Im a firm believer in being good for goodness sake. I support his need/desire to get right with god, but in my opinion, his going to church wont make him a better person, being a better person will make him a better person and I have told him just that.
He is going every Sunday and on a Wed. night mens group, which he says is helping him understand how to be a better husband. We will see...
He is still in therapy and so am I. His work schedule has slowed the frequency of his sessions, which has slowed (in my opinion) his progress in communication. I did express to the Therapist that I feel as if we needed to push for MC sooner rather than later because I couldn't take the slow, painful process of waiting for his issues to be worked on first. She realizes that I am on the verge of making a permanent decision before we have tried to work things out professionally together.

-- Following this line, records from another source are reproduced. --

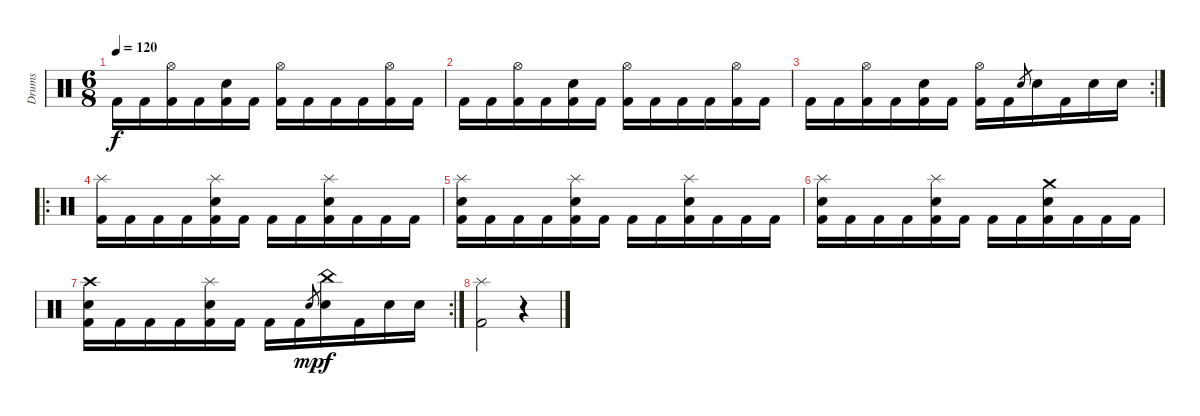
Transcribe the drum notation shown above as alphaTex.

\track ("Drums" "Drums") {instrument percussion}
\staff {score}
\articulation defaults
\ts (6 8)
\tempo 120
\clef neutral
\ks c "Kick (hit) 2".16{dy f} "Kick (hit) 2".16
("Hi-Hat (open)" "Kick (hit) 2").16 "Kick (hit) 2".16 ("Electric Snare (hit)" "Kick (hit) 2").16 "Kick (hit) 2".16 ("Hi-Hat (open)" "Kick (hit) 2").16 "Kick (hit) 2".16 "Kick (hit) 2".16 "Kick (hit) 2".16 ("Hi-Hat (open)" "Kick (hit) 2").16 "Kick (hit) 2".16 |
"Kick (hit) 2".16 "Kick (hit) 2".16 ("Hi-Hat (open)" "Kick (hit) 2").16 "Kick (hit) 2".16 ("Electric Snare (hit)" "Kick (hit) 2").16 "Kick (hit) 2".16 ("Hi-Hat (open)" "Kick (hit) 2").16 "Kick (hit) 2".16 "Kick (hit) 2".16 "Kick (hit) 2".16 ("Hi-Hat (open)" "Kick (hit) 2").16 "Kick (hit) 2".16 |
\rc 2 "Kick (hit) 2".16 "Kick (hit) 2".16
("Hi-Hat (open)" "Kick (hit) 2").16 "Kick (hit) 2".16 ("Electric Snare (hit)" "Kick (hit) 2").16 "Kick (hit) 2".16 ("Hi-Hat (open)" "Kick (hit) 2").16 "Kick (hit) 2".16 "Electric Snare (hit)".8{gr} "Electric Snare (hit)".16 "Kick (hit) 2".16 "Electric Snare (hit)".16 "Electric Snare (hit)".16 |
\ro
("Splash (hit)" "Kick (hit) 2").16 "Kick (hit) 2".16 "Kick (hit) 2".16 "Kick (hit) 2".16 ("Splash (hit)" "Electric Snare (hit)" "Kick (hit) 2").16 "Kick (hit) 2".16 "Kick (hit) 2".16 "Kick (hit) 2".16 ("Splash (hit)" "Electric Snare (hit)" "Kick (hit) 2").16 "Kick (hit) 2".16 "Kick (hit) 2".16 "Kick (hit) 2".16 |
("Splash (hit)" "Electric Snare (hit)" "Kick (hit) 2").16 "Kick (hit) 2".16 "Kick (hit) 2".16 "Kick (hit) 2".16 ("Splash (hit)" "Electric Snare (hit)" "Kick (hit) 2").16 "Kick (hit) 2".16 "Kick (hit) 2".16 "Kick (hit) 2".16 ("Splash (hit)" "Electric Snare (hit)" "Kick (hit) 2").16 "Kick (hit) 2".16 "Kick (hit) 2".16 "Kick (hit) 2".16 |
("Splash (hit)" "Electric Snare (hit)" "Kick (hit) 2").16 "Kick (hit) 2".16 "Kick (hit) 2".16 "Kick (hit) 2".16 ("Splash (hit)" "Electric Snare (hit)" "Kick (hit) 2").16 "Kick (hit) 2".16 "Kick (hit) 2".16 "Kick (hit) 2".16 ("Crash medium (hit)" "Electric Snare (hit)" "Kick (hit) 2").16 "Kick (hit) 2".16 "Kick (hit) 2".16 "Kick (hit) 2".16 |
\rc 2
("Crash high (hit)" "Electric Snare (hit)" "Kick (hit) 2").16 "Kick (hit) 2".16 "Kick (hit) 2".16 "Kick (hit) 2".16 ("Splash (hit)" "Electric Snare (hit)" "Kick (hit) 2").16 "Kick (hit) 2".16 "Kick (hit) 2".16 "Kick (hit) 2".16 "Electric Snare (hit)".8{gr dy mp} ("China (hit)" "Electric Snare (hit)").16{dy f} "Kick (hit) 2".16 "Electric Snare (hit)".16 "Electric Snare (hit)".16 |
("Splash (hit)" "Kick (hit) 2").2 r.4

My problem is he thinks what he is doing is enough and I don't think its enough. I still go day by day with different feelings and decisions. Im still not emotionally stable and I cant wait any longer to deal with our issues. She has agreed to start MC now so that things can progress faster and as long as he is on his meds, she feels comfortable that he can handle it.
I really need to start a new thread based on the topic of my recent issues.
In a nutshell, my MIL is an evil, manipulative, bitch and has been sabotaging my marriage and my life in ways I didn't even realize.
New Topic to come...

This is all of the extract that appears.